● **DATA TO USE**:
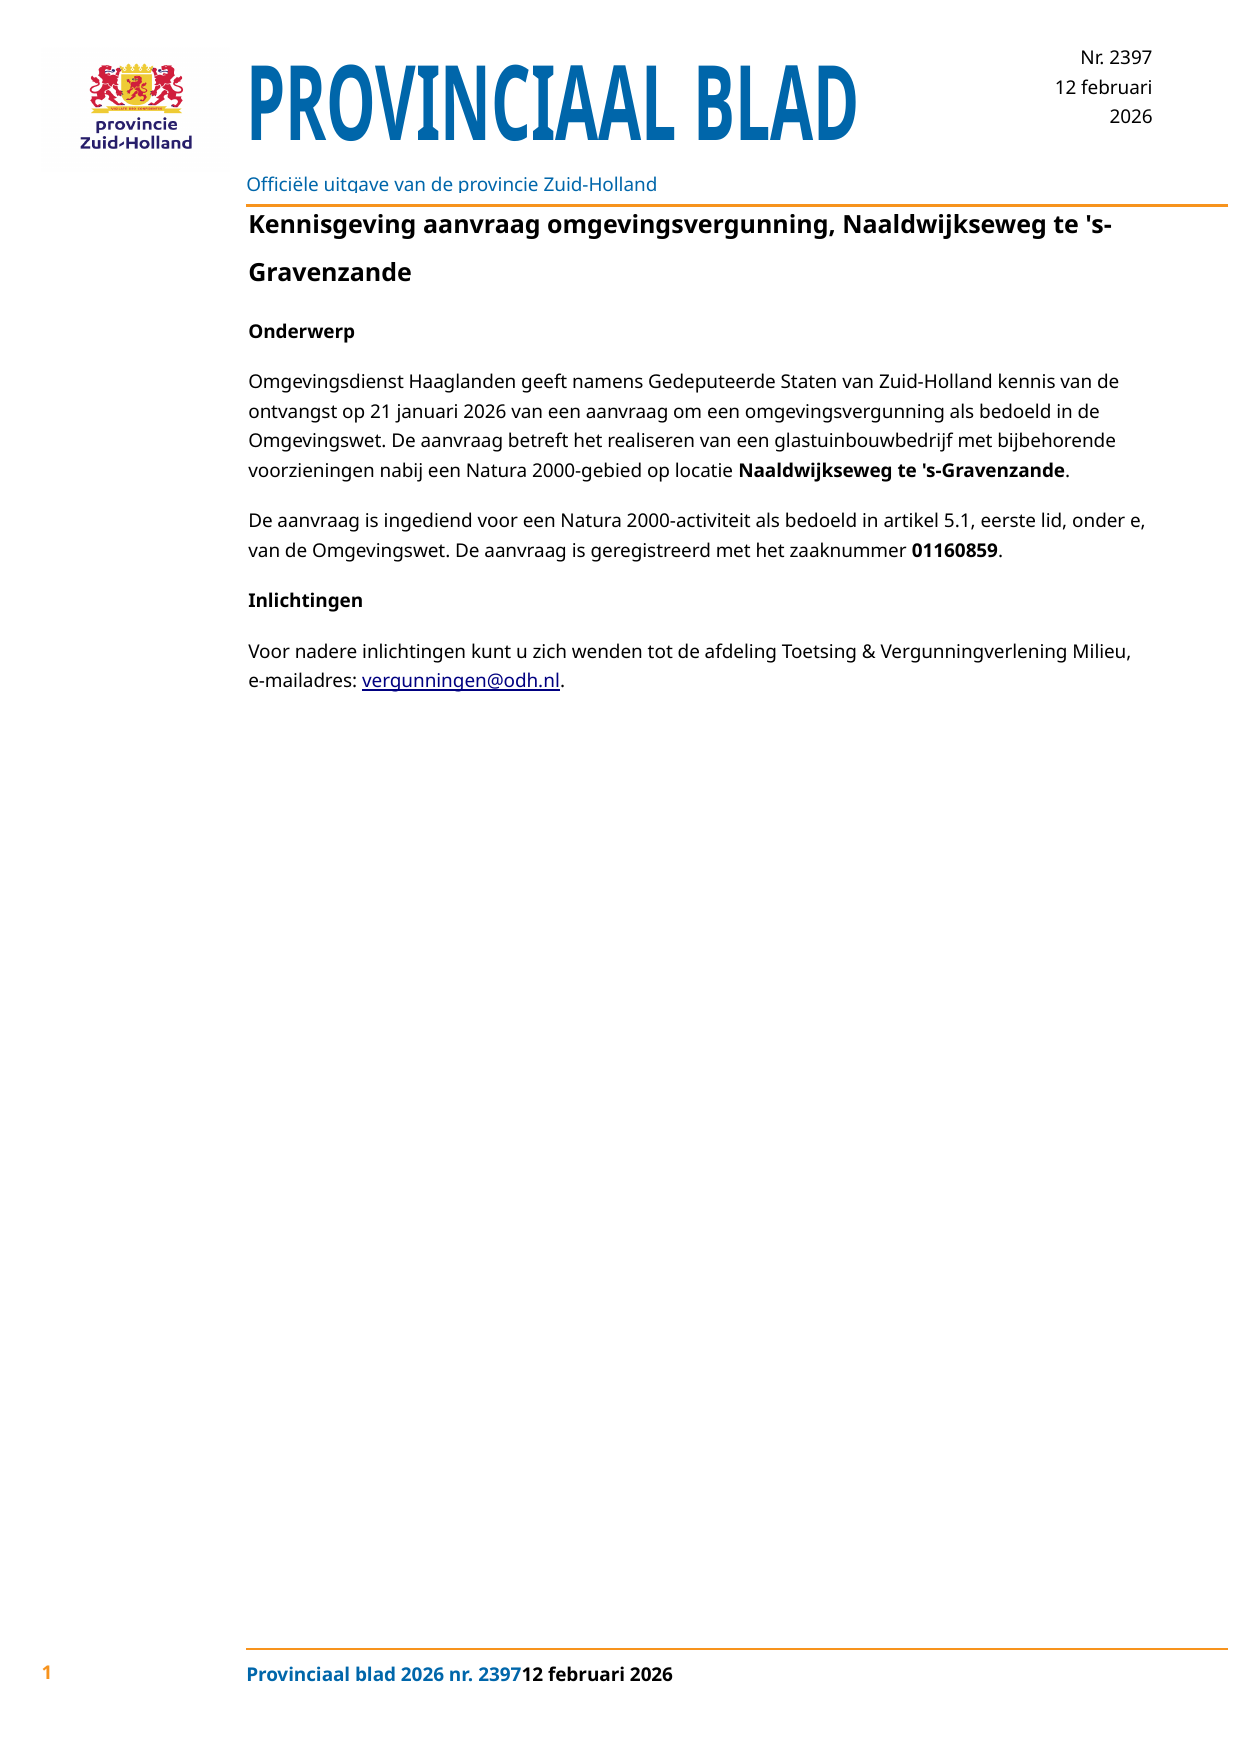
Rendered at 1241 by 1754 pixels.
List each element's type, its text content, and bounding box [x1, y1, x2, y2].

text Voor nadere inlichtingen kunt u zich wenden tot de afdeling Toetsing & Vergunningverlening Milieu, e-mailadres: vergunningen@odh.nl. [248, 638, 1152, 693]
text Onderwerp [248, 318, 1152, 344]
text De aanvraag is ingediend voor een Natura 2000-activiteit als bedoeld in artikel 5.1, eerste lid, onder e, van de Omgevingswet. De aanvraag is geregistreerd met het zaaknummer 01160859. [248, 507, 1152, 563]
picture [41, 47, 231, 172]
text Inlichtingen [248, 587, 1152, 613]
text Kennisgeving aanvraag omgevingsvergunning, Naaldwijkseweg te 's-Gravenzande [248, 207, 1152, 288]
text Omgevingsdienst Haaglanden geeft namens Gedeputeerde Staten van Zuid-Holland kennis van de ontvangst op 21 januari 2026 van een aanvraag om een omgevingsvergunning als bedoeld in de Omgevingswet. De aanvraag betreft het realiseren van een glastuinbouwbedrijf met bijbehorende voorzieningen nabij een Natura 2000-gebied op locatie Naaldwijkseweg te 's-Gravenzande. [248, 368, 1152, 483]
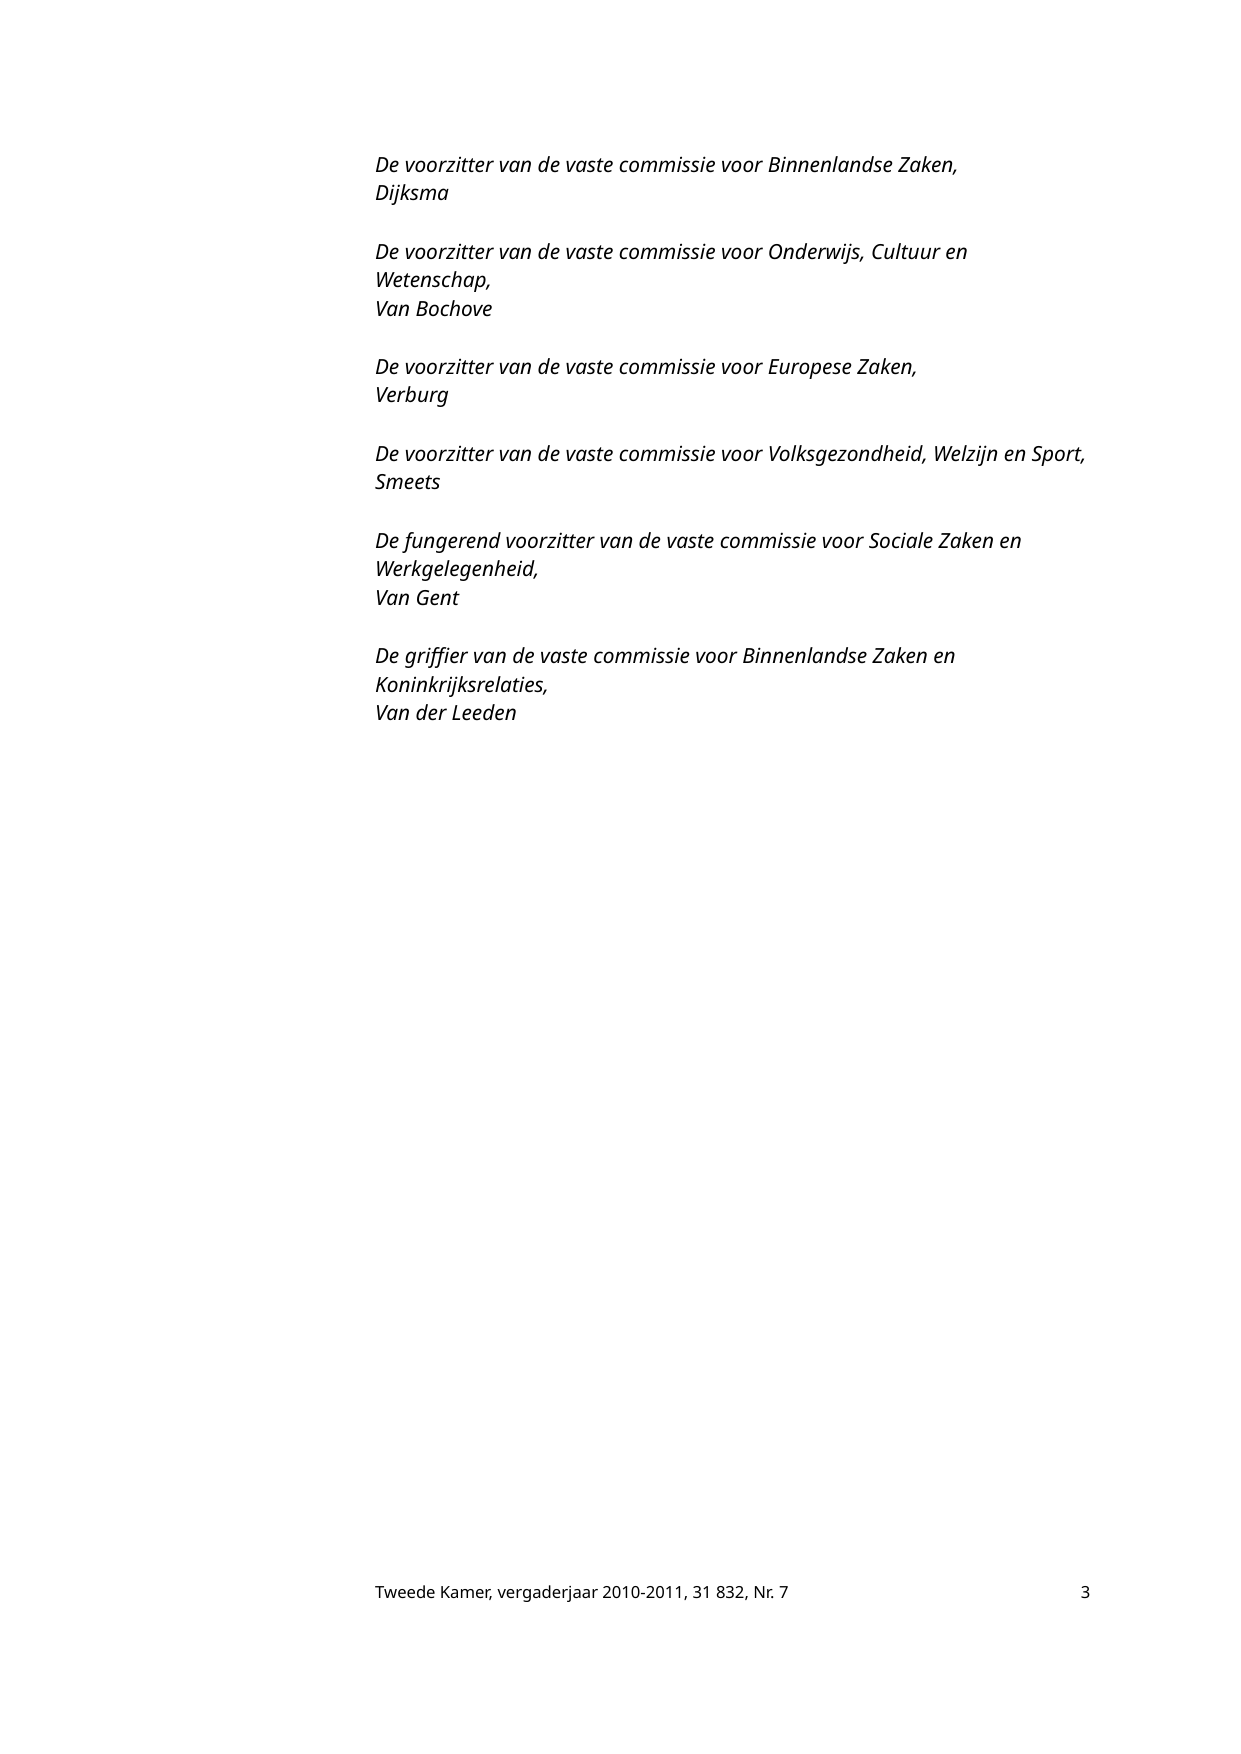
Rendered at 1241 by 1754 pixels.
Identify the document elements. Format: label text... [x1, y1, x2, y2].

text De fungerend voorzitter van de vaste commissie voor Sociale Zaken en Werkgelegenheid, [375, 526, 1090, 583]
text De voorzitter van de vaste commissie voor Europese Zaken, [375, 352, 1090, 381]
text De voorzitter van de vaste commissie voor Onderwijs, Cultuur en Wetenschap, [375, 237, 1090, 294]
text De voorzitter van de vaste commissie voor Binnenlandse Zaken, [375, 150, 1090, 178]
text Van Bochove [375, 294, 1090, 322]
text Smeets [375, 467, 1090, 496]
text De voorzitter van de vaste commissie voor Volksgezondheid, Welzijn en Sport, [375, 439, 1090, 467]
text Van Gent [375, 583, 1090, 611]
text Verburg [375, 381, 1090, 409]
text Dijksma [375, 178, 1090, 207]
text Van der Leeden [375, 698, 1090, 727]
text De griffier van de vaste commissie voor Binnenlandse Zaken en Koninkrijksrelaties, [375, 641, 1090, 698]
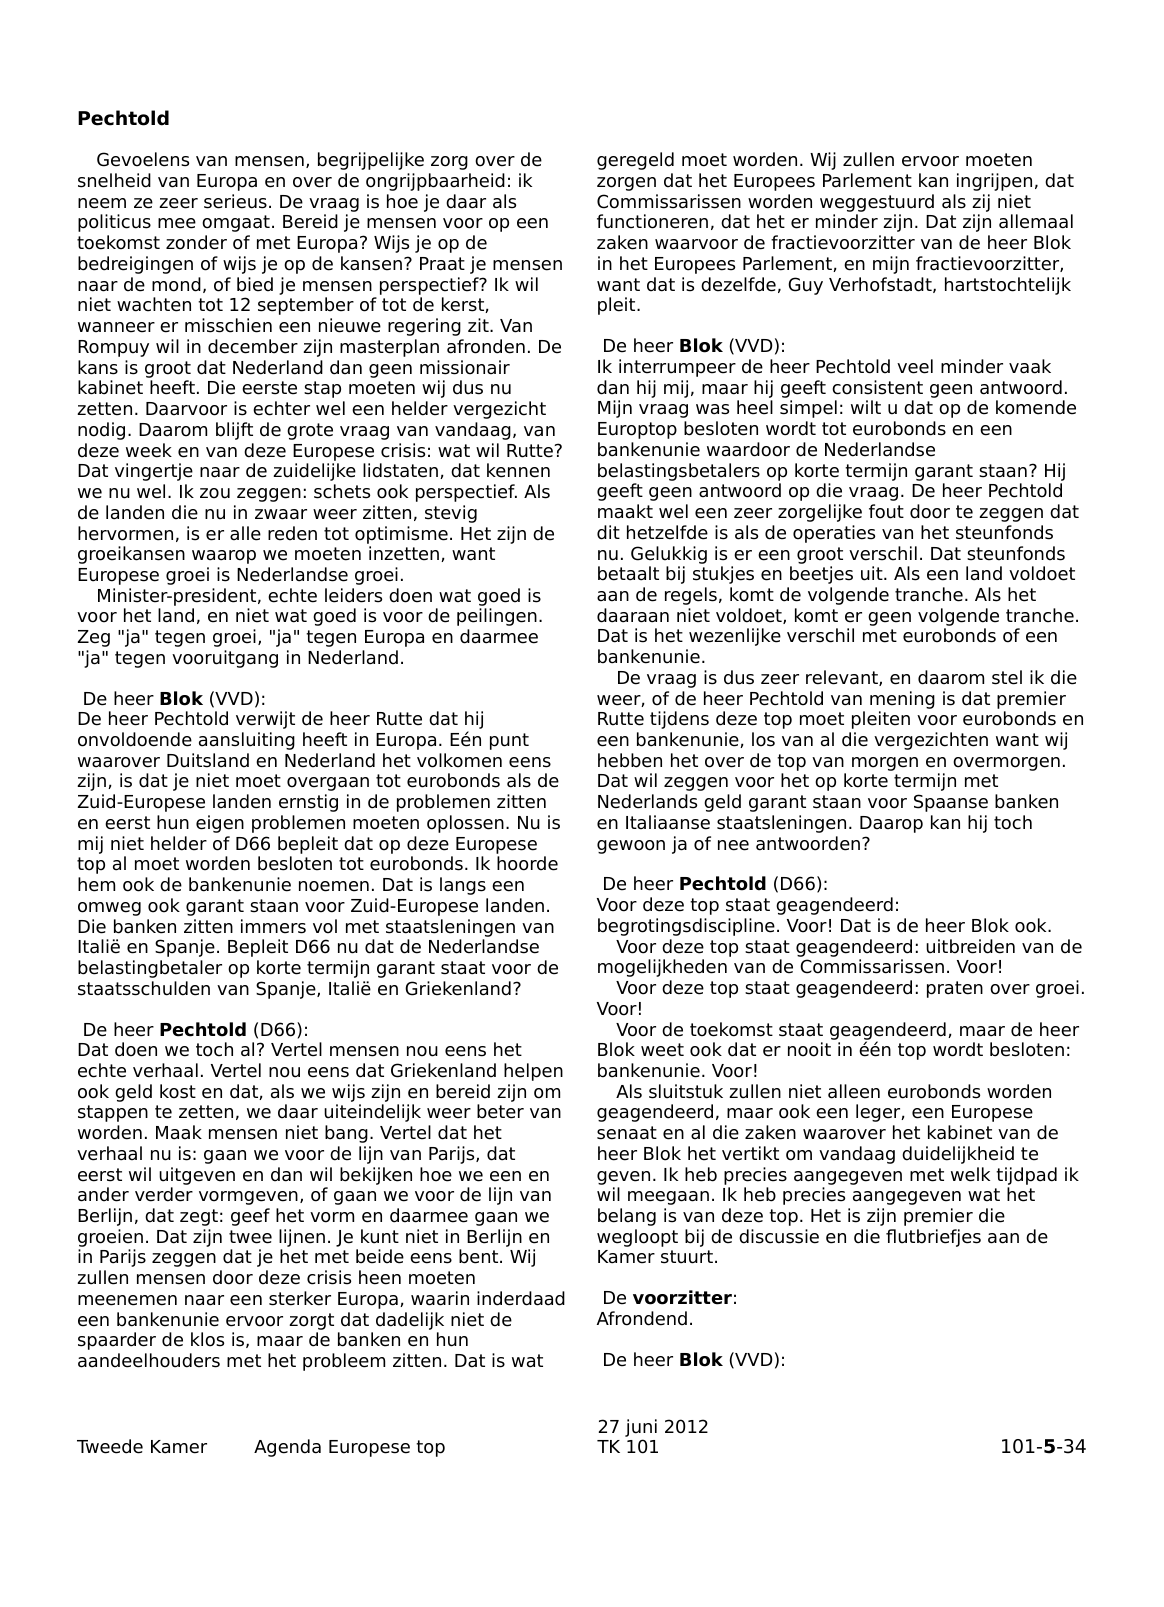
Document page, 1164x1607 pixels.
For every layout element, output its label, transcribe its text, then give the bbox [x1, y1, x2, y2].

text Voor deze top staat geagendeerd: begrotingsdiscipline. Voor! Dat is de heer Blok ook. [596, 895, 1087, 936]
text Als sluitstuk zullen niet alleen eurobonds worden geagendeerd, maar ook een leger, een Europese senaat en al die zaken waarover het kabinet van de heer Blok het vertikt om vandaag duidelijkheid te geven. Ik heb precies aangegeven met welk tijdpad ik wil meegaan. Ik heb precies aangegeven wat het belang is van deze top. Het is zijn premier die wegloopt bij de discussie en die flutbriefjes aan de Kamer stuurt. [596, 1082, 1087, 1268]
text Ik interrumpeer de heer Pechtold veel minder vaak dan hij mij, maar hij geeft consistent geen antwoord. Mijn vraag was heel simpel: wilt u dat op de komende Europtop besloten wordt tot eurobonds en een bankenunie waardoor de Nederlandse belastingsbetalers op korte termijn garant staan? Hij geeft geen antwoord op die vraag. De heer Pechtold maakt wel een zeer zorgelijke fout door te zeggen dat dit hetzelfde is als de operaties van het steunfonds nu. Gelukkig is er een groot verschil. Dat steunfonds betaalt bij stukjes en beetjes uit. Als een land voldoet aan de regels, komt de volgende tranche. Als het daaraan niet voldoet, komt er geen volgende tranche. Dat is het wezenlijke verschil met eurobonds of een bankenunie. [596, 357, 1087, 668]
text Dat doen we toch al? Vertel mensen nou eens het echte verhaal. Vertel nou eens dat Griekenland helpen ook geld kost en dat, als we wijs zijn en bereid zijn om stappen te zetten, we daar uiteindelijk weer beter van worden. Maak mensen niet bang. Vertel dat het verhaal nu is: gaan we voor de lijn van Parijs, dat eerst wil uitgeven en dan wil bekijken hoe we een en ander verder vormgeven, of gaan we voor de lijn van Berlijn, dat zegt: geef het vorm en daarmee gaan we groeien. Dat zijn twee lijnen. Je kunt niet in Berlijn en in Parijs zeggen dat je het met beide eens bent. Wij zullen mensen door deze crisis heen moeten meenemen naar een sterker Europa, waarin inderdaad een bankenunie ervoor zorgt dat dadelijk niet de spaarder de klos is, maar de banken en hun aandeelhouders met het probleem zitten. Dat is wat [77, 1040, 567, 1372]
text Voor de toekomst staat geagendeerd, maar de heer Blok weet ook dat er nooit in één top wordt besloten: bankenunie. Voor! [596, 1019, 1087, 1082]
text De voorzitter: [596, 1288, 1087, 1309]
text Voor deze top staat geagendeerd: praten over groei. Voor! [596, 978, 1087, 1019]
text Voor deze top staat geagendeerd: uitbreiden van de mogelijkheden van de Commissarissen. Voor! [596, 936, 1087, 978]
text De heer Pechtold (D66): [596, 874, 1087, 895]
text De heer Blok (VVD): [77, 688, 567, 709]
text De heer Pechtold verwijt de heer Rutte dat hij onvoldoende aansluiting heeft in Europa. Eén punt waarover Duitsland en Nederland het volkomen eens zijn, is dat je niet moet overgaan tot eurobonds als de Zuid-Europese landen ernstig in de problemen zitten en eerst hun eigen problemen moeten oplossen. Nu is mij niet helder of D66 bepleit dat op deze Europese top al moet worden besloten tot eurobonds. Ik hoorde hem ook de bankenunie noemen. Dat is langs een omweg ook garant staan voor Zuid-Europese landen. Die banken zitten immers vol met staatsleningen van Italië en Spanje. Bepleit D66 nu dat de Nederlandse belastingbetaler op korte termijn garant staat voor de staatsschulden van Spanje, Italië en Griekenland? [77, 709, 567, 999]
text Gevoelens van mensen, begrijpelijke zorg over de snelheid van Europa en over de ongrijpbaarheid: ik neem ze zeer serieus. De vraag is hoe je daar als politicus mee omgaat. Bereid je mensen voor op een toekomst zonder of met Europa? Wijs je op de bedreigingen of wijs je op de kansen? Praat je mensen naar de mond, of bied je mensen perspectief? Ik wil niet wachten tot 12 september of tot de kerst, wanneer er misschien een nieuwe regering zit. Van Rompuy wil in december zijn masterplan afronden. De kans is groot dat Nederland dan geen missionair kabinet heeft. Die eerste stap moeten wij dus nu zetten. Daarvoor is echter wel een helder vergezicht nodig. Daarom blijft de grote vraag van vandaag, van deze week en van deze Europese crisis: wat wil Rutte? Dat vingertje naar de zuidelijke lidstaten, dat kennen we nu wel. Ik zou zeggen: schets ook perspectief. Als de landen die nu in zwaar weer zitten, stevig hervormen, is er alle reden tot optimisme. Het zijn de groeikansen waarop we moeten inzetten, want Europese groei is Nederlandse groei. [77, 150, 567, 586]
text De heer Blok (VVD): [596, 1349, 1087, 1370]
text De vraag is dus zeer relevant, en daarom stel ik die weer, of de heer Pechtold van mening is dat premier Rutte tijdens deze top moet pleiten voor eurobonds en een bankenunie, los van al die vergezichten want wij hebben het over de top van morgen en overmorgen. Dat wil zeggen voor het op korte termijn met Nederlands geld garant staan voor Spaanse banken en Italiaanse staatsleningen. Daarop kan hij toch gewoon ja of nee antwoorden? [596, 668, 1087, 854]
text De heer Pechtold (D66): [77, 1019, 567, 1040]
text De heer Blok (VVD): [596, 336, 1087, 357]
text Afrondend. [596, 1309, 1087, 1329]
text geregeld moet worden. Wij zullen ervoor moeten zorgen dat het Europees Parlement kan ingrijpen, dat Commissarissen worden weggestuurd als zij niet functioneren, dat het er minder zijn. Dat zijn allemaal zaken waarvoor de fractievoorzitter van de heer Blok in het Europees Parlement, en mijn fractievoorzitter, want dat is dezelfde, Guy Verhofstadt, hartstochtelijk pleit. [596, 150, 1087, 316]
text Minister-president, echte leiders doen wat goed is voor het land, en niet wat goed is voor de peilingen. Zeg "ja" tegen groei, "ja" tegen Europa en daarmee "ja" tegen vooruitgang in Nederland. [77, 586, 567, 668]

● **WHAT THE EXERCISE ASKS**: What is wanted is an exact copy of the lines above from the one containing "439, 1090, 467]" through the one containing "text Voor deze top staat geagendeerd: begrotingsdiscipline.", with no pictures in it.

● **EXERCISE SOLUTION**:
text De voorzitter van de vaste commissie voor Volksgezondheid, Welzijn en Sport, [375, 439, 1090, 467]
text Van Gent [375, 583, 1090, 611]
text Verburg [375, 381, 1090, 409]
text Dijksma [375, 178, 1090, 207]
text Van der Leeden [375, 698, 1090, 727]
text De griffier van de vaste commissie voor Binnenlandse Zaken en Koninkrijksrelaties, [375, 641, 1090, 698]
Document page, 1164x1607 pixels.
For every layout element, output its label, transcribe its text, then give the bbox [x1, y1, x2, y2].

text Voor deze top staat geagendeerd: begrotingsdiscipline. Voor! Dat is de heer Blok ook. [596, 895, 1087, 936]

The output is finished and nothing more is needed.